As summarized above, YNHH argues that if “Congress [had] intended to preclude ․ otherwise valid request[s] for ․ judicial review of the Secretarys failure to use proper rulemaking procedures” when generating “estimates,” then Congress could and should have said so “explicitly.” YNHH Br. at 36, 44. In support of this contention, YNHH points us to another review-preclusion provision within the Medicare Act that bars “judicial review ․ of the process [whereby the Secretary may exempt physician-owned hospitals in medically underserved areas from otherwise-applicable restrictions on their ability to expand] (including the establishment of such process).” 42 U.S.C. § 1395nn(i)(3)(I) (emphasis added); see generally id. § 1395nn(i)(3) (laying out the covered “process”). But “the mere possibility of clearer phrasing cannot defeat the most natural reading of a statute; if it could (with all due respect to Congress), we would interpret a great many statutes differently than we do.” Caraco Pharm. Labys, Ltd. v. Novo Nordisk A/S, 566 U.S. 399, 416, 132 S.Ct. 1670, 182 L.Ed.2d 678 (2012); accord Fed. Hous. Fin. Agency v. UBS Ams., Inc., 858 F. Supp. 2d 306, 317 (S.D.N.Y. 2012) (same), affd, 712 F.3d 136 (2d Cir. 2013); Animal Legal Def. Fund v. USDA, 935 F.3d 858, 871 (9th Cir. 2019) (same); Elec. Priv. Info. Ctr. v. DHS, 777 F.3d 518, 525 (D.C. Cir. 2015) (same); see also, e.g., Hammer v. HHS, 905 F.3d 517, 528 (7th Cir. 2018) (“[W]e cannot ignore the plain meaning of the statute because Congress could have, arguably, made the statutes meaning even plainer.”); Castaneda v. Souza, 810 F.3d 15, 48 (1st Cir. 2015) (“Of course, the fact that language might have been more clear – as it always could be – does not mean that it is not clear enough.”).

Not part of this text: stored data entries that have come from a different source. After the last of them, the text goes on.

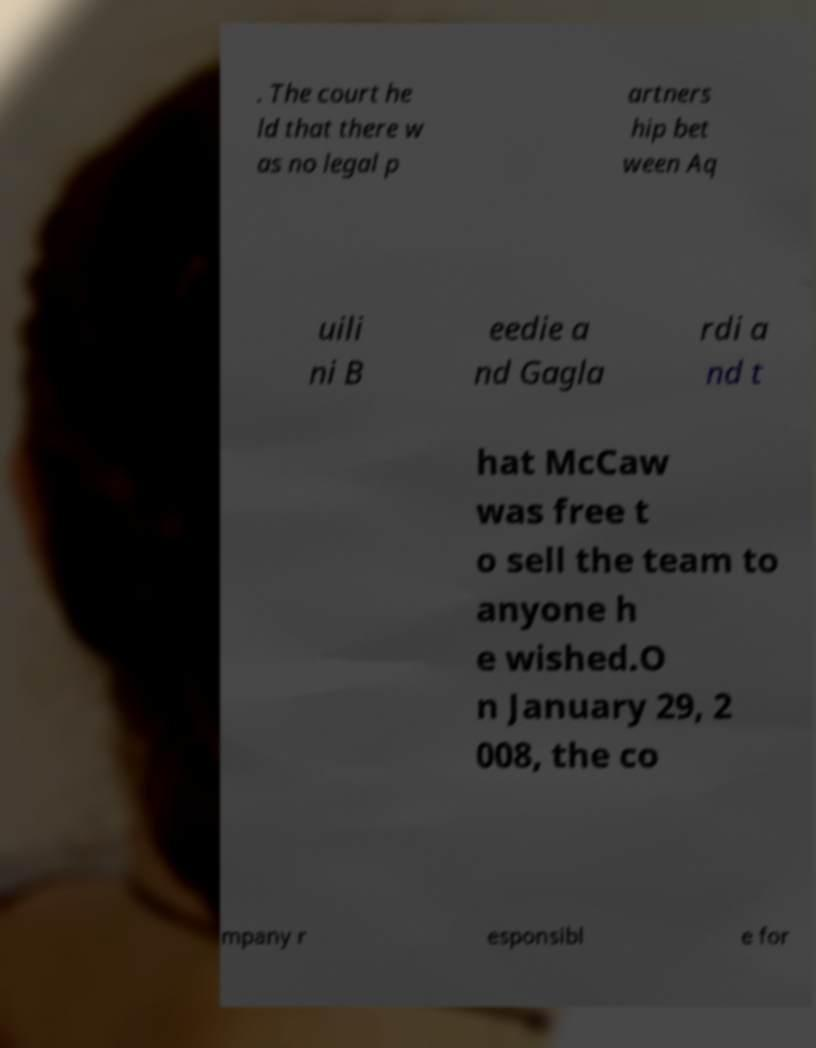Could you extract and type out the text from this image? . The court he ld that there w as no legal p artners hip bet ween Aq uili ni B eedie a nd Gagla rdi a nd t hat McCaw was free t o sell the team to anyone h e wished.O n January 29, 2 008, the co mpany r esponsibl e for 
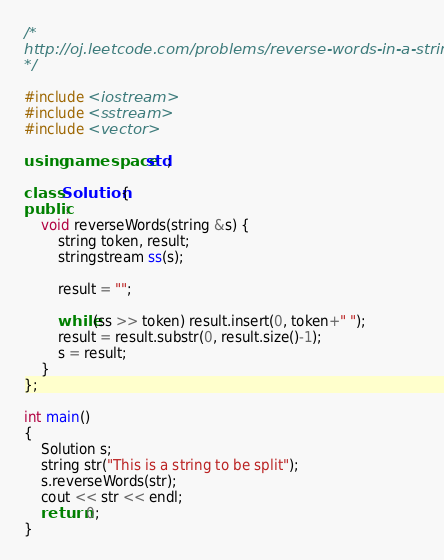<code> <loc_0><loc_0><loc_500><loc_500><_C++_>/*
http://oj.leetcode.com/problems/reverse-words-in-a-string/
*/

#include <iostream>
#include <sstream>
#include <vector>

using namespace std;

class Solution {
public:
    void reverseWords(string &s) {
        string token, result;
        stringstream ss(s);

        result = "";
        
        while(ss >> token) result.insert(0, token+" ");
        result = result.substr(0, result.size()-1);
        s = result;
    }
};

int main()
{
    Solution s;
    string str("This is a string to be split");
    s.reverseWords(str);
    cout << str << endl;
    return 0;
}</code> 
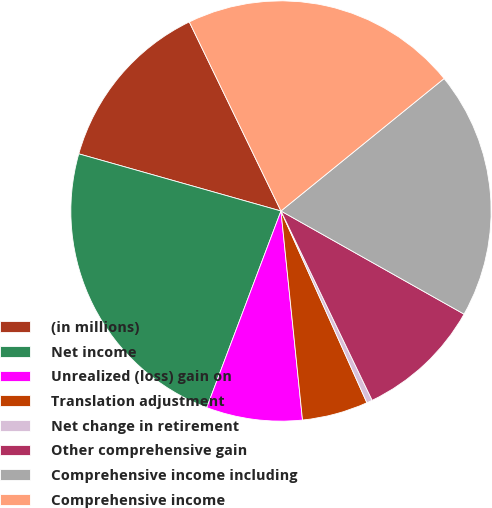Convert chart. <chart><loc_0><loc_0><loc_500><loc_500><pie_chart><fcel>(in millions)<fcel>Net income<fcel>Unrealized (loss) gain on<fcel>Translation adjustment<fcel>Net change in retirement<fcel>Other comprehensive gain<fcel>Comprehensive income including<fcel>Comprehensive income<nl><fcel>13.43%<fcel>23.64%<fcel>7.38%<fcel>5.07%<fcel>0.44%<fcel>9.69%<fcel>19.02%<fcel>21.33%<nl></chart> 
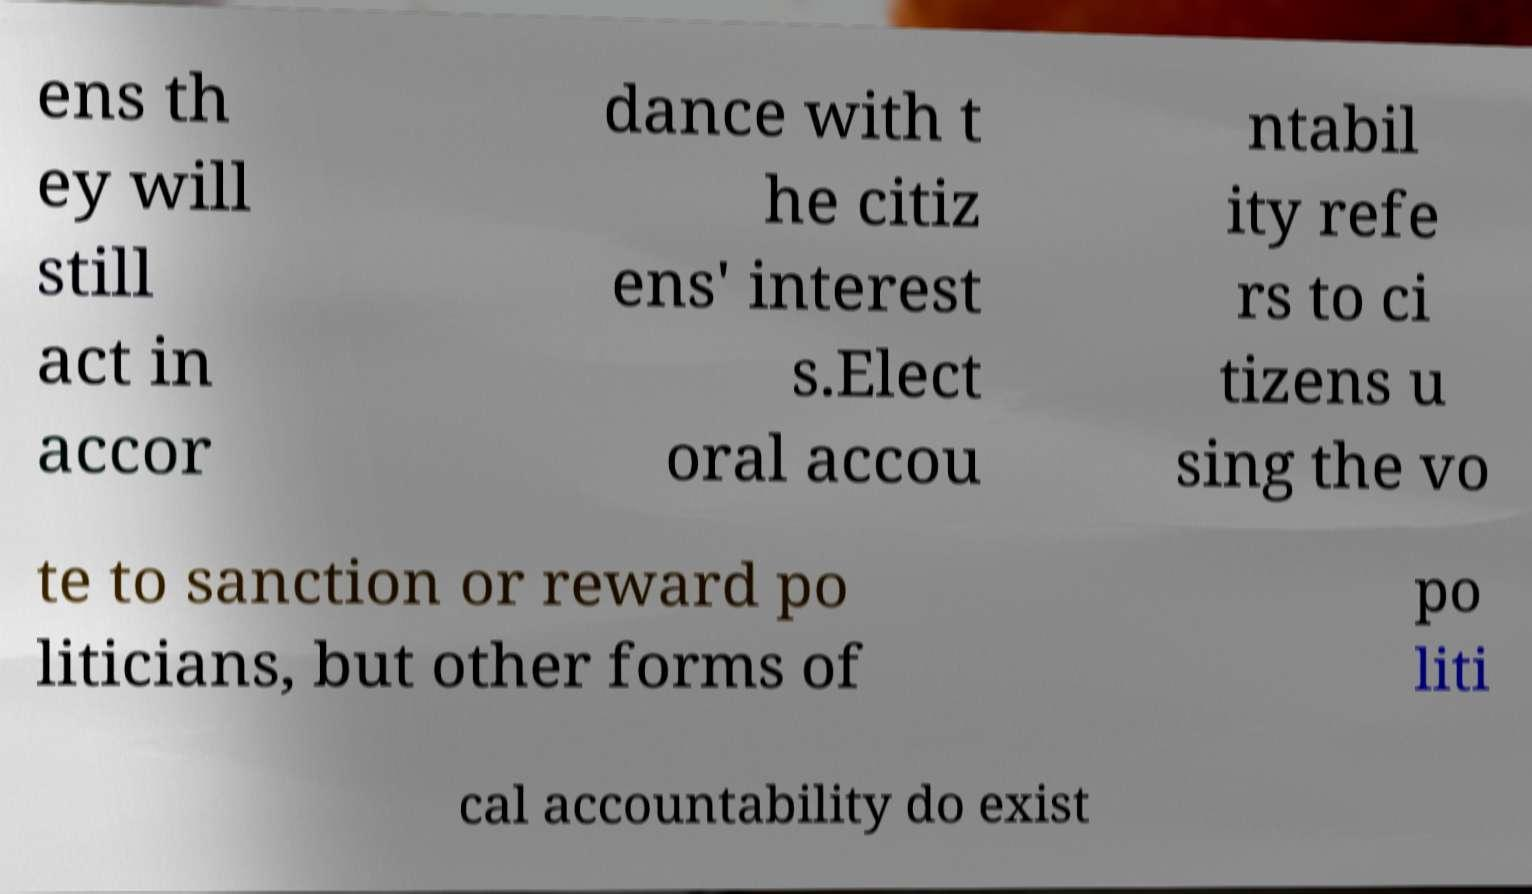For documentation purposes, I need the text within this image transcribed. Could you provide that? ens th ey will still act in accor dance with t he citiz ens' interest s.Elect oral accou ntabil ity refe rs to ci tizens u sing the vo te to sanction or reward po liticians, but other forms of po liti cal accountability do exist 
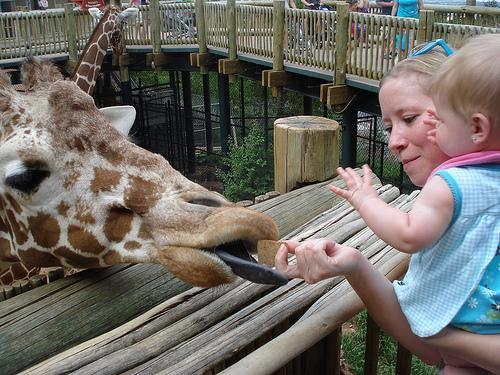How many giraffes are the people feeding?
Give a very brief answer. 1. 
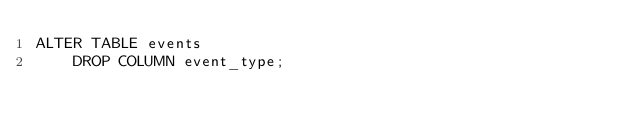Convert code to text. <code><loc_0><loc_0><loc_500><loc_500><_SQL_>ALTER TABLE events
    DROP COLUMN event_type;</code> 
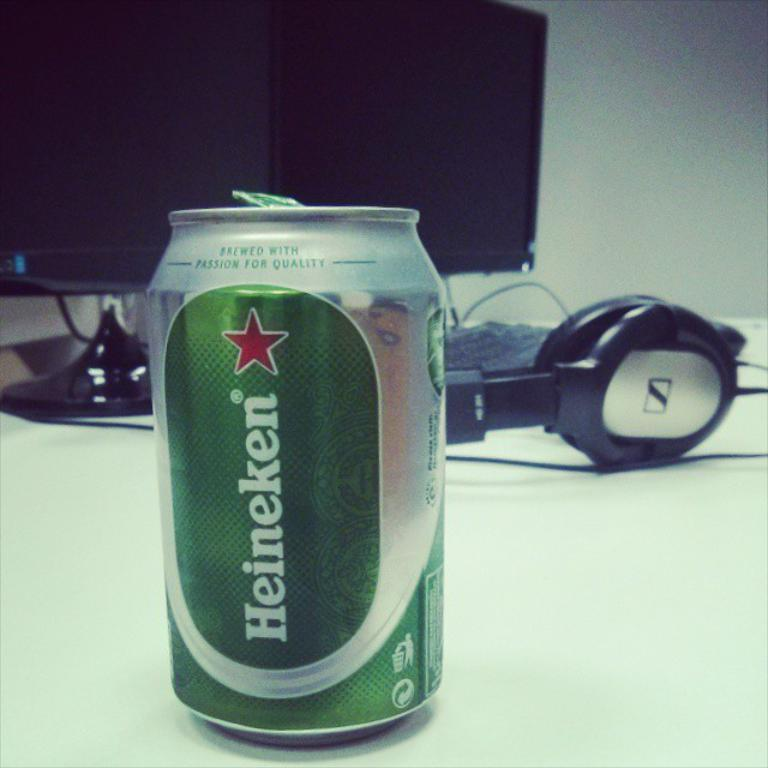<image>
Render a clear and concise summary of the photo. A can of Heineken beer sits in front of a computer and headphones.

Moreover, we reject the underlying premise of YNHHs meaningful-variation argument: that the words “including the establishment of” are the “magic words” that Congress “incant[s]” in any review-preclusion provision that it intends to bar procedural as well as substantive challenges to a given type of agency action. Sebelius v. Auburn Regl Med. Ctr., 568 U.S. 145, 153, 133 S.Ct. 817, 184 L.Ed.2d 627 (2013); see also Donnelly v. Controlled Application Rev. & Resol. Program Unit, 37 F.4th 44, 54 (2d Cir. 2022). We are aware of nothing to suggest that the phrase “including the establishment of” (or simply “the establishment of”), as used in various review-preclusion provisions throughout the Medicare Act, has anything at all to do with the distinction between substantive and procedural challenges.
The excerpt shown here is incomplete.